[[ LISTED ENTRIES, beginning ]]

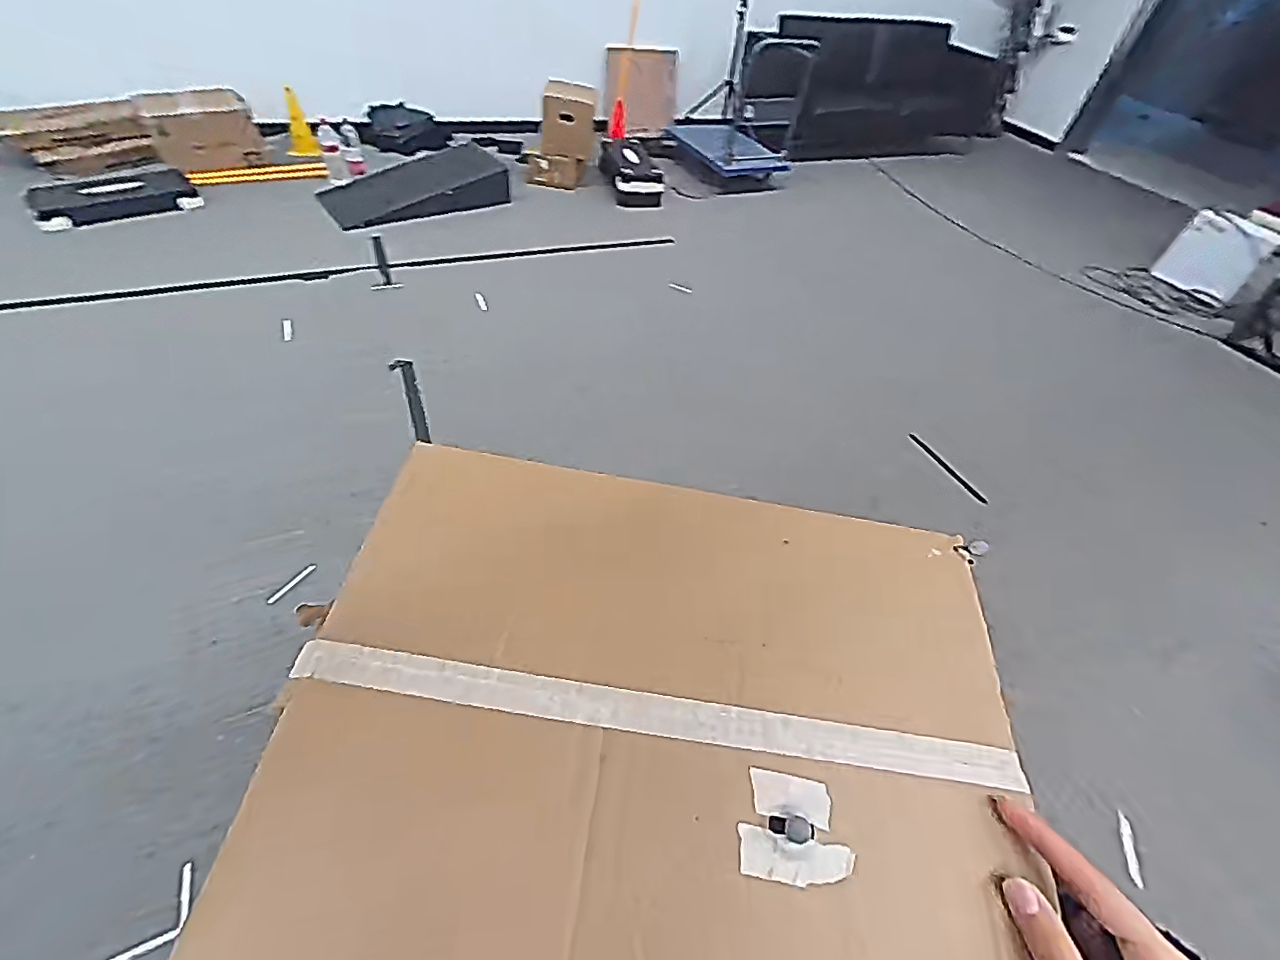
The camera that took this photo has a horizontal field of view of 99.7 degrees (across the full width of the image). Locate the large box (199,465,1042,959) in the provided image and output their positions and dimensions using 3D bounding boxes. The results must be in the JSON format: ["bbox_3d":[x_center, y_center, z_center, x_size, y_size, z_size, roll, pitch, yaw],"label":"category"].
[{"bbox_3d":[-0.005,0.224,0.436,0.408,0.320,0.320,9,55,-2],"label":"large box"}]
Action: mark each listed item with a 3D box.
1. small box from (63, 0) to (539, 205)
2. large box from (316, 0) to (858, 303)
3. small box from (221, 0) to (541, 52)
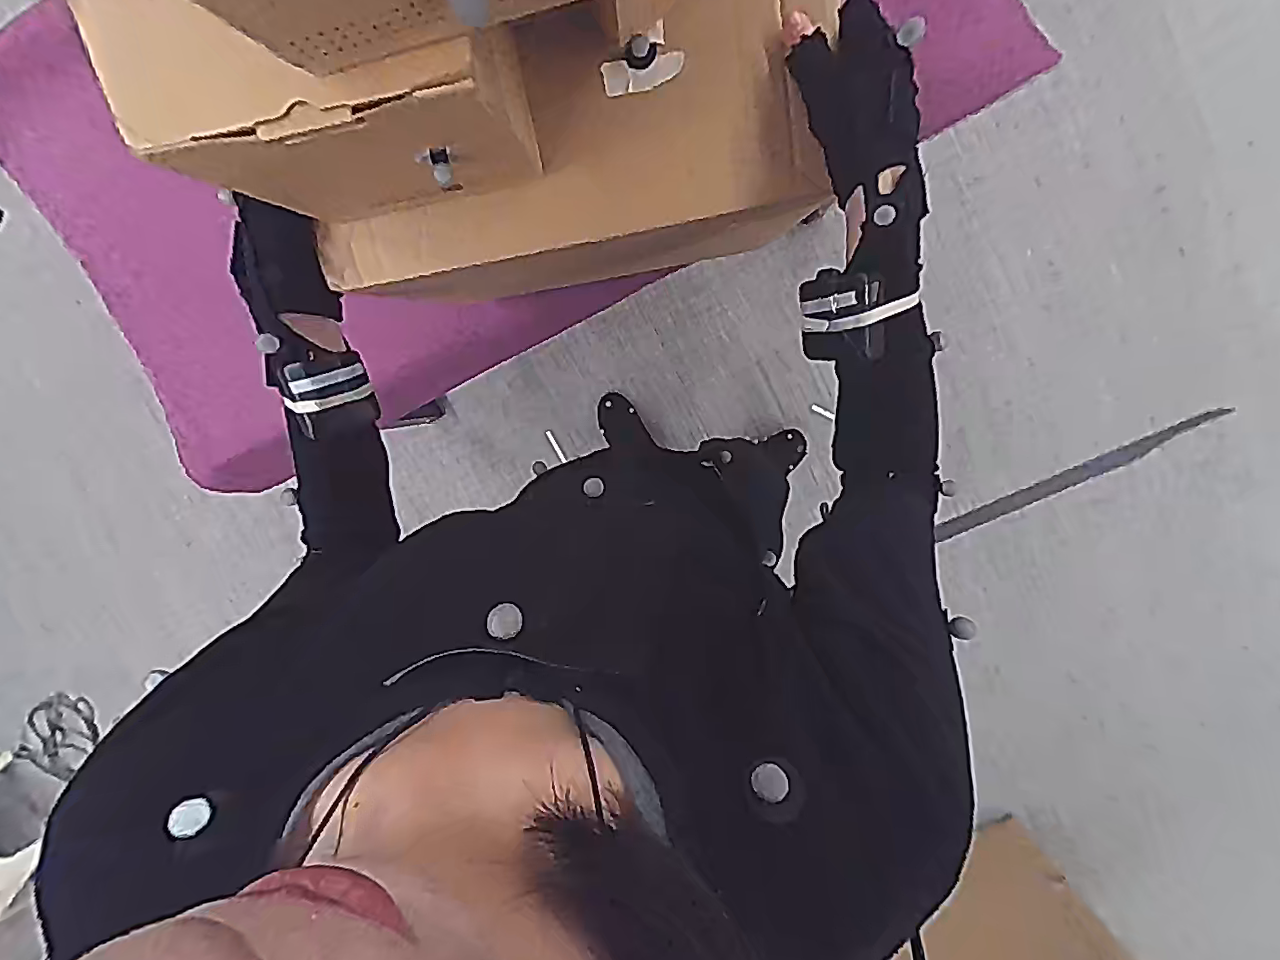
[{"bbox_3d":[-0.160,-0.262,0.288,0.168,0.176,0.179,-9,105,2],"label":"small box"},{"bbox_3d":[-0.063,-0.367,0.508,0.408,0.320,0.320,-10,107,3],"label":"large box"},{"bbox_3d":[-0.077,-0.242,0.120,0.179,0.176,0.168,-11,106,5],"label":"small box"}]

[[ LISTED ENTRIES, end ]]
[[ LISTED ENTRIES, beginning ]]

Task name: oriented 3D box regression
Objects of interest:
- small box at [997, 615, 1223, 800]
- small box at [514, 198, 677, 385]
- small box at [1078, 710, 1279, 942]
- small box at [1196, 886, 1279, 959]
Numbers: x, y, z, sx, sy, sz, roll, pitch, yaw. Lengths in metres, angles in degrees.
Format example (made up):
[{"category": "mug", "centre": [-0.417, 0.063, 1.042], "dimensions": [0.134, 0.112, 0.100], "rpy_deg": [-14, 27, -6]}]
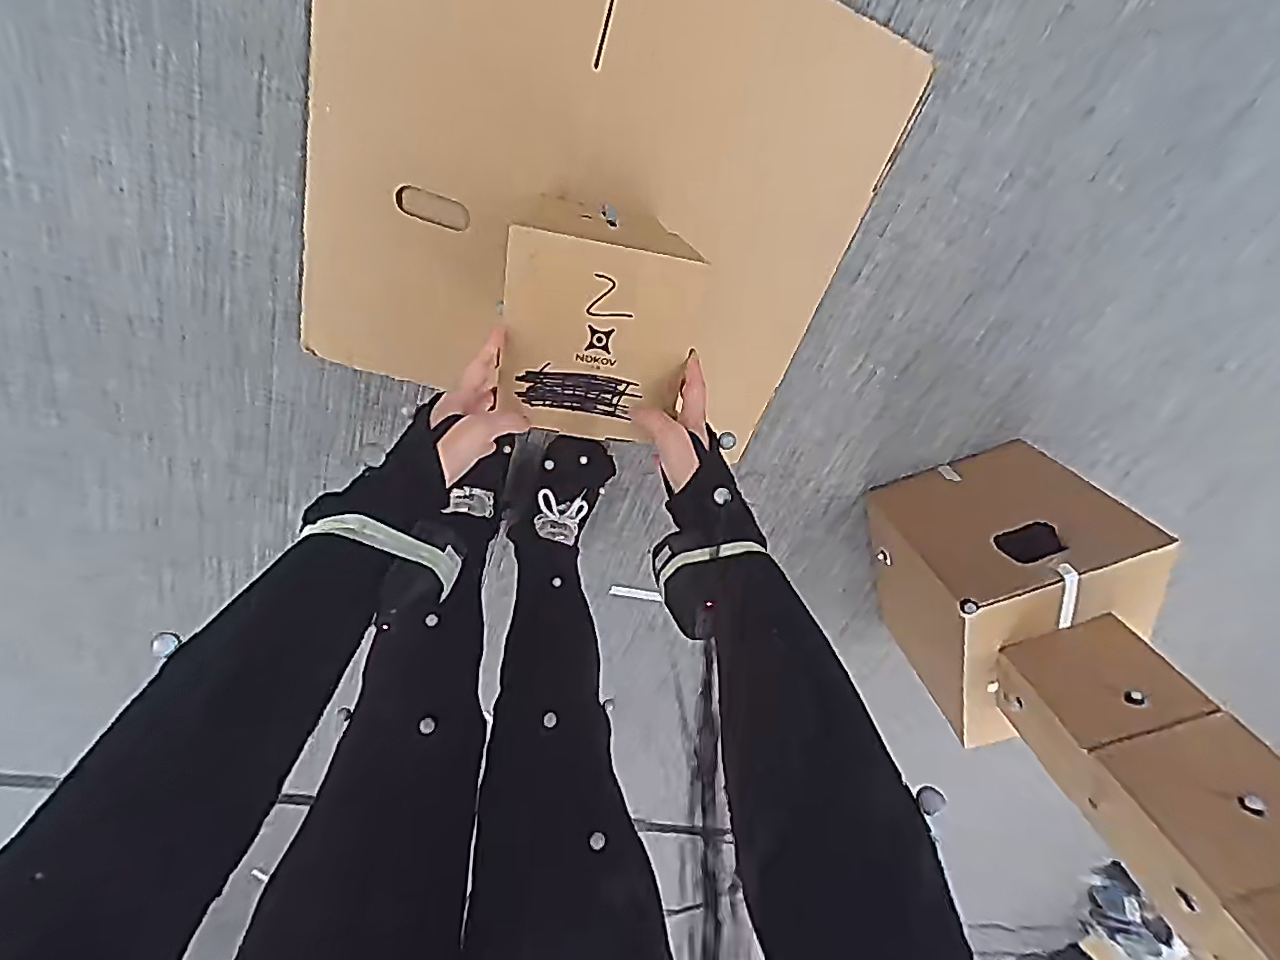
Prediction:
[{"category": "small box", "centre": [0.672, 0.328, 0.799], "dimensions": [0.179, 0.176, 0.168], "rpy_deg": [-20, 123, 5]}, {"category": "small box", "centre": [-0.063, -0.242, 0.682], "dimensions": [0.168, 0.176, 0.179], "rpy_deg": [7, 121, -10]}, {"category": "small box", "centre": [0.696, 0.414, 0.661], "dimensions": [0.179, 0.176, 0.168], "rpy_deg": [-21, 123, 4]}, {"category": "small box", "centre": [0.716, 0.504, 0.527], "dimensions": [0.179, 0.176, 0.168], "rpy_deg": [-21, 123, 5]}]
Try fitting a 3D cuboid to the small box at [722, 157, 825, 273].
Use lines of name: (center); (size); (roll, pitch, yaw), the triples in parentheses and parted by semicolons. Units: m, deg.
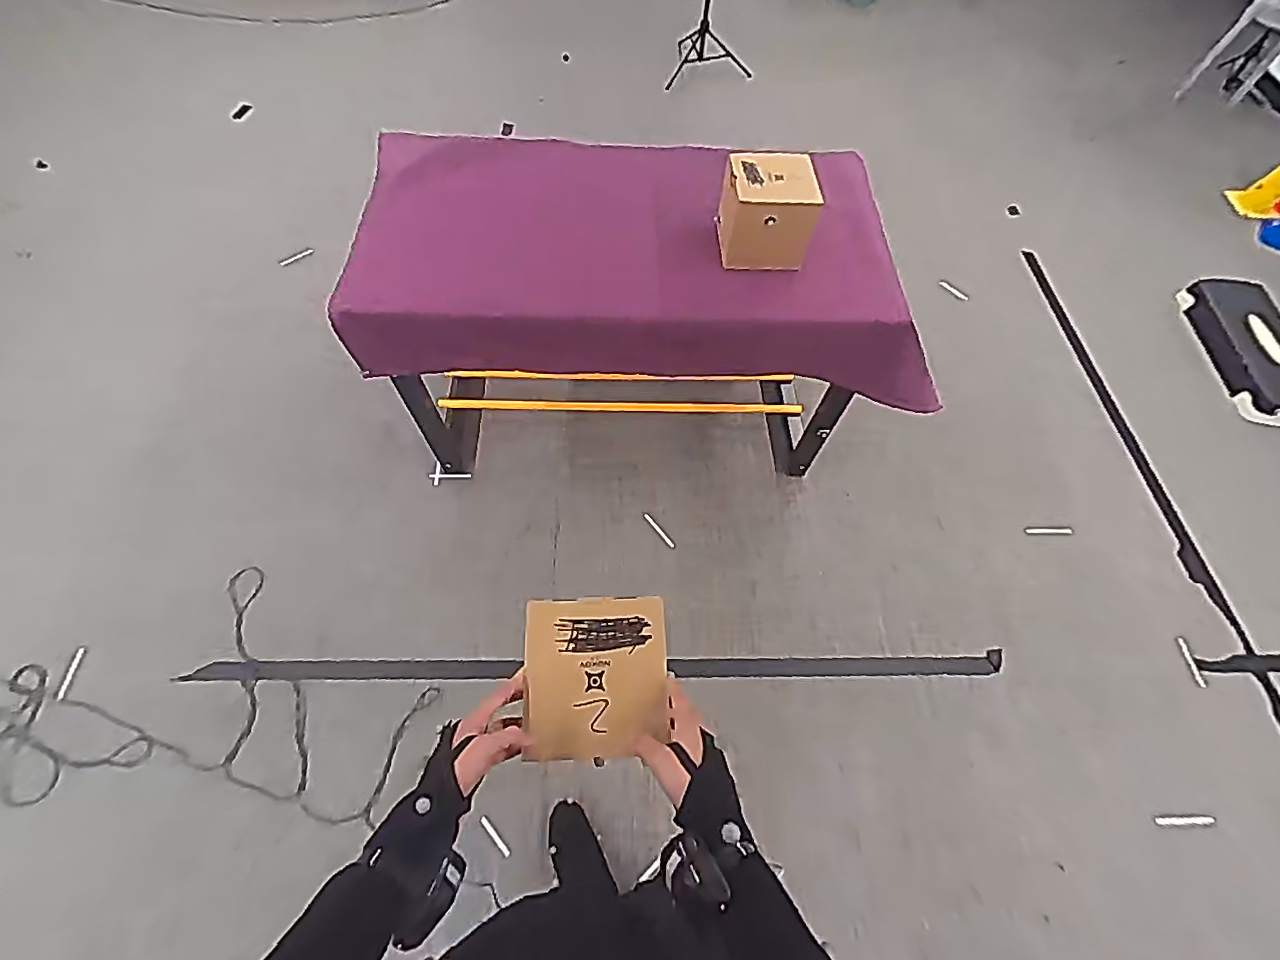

[[ LISTED ENTRIES, end ]]

WHAT THE TASK REQUIRES:
Return exactly the lines that appear in the data above between the line containing "- small box at [1196, 886, 1279, 959]" and the line containing "Use lines of", both of which are included, and leave the pictures out.

EXERCISE SOLUTION:
- small box at [1196, 886, 1279, 959]
Numbers: x, y, z, sx, sy, sz, roll, pitch, yaw. Lengths in metres, angles in degrees.
Format example (made up):
[{"category": "mug", "centre": [-0.417, 0.063, 1.042], "dimensions": [0.134, 0.112, 0.100], "rpy_deg": [-14, 27, -6]}]
Prediction:
[{"category": "small box", "centre": [0.672, 0.328, 0.799], "dimensions": [0.179, 0.176, 0.168], "rpy_deg": [-20, 123, 5]}, {"category": "small box", "centre": [-0.063, -0.242, 0.682], "dimensions": [0.168, 0.176, 0.179], "rpy_deg": [7, 121, -10]}, {"category": "small box", "centre": [0.696, 0.414, 0.661], "dimensions": [0.179, 0.176, 0.168], "rpy_deg": [-21, 123, 4]}, {"category": "small box", "centre": [0.716, 0.504, 0.527], "dimensions": [0.179, 0.176, 0.168], "rpy_deg": [-21, 123, 5]}]
Try fitting a 3D cuboid to the small box at [722, 157, 825, 273].
Use lines of name: (center); (size); (roll, pitch, yaw), the triples in parentheses and parted by semicolons. Units: m, deg.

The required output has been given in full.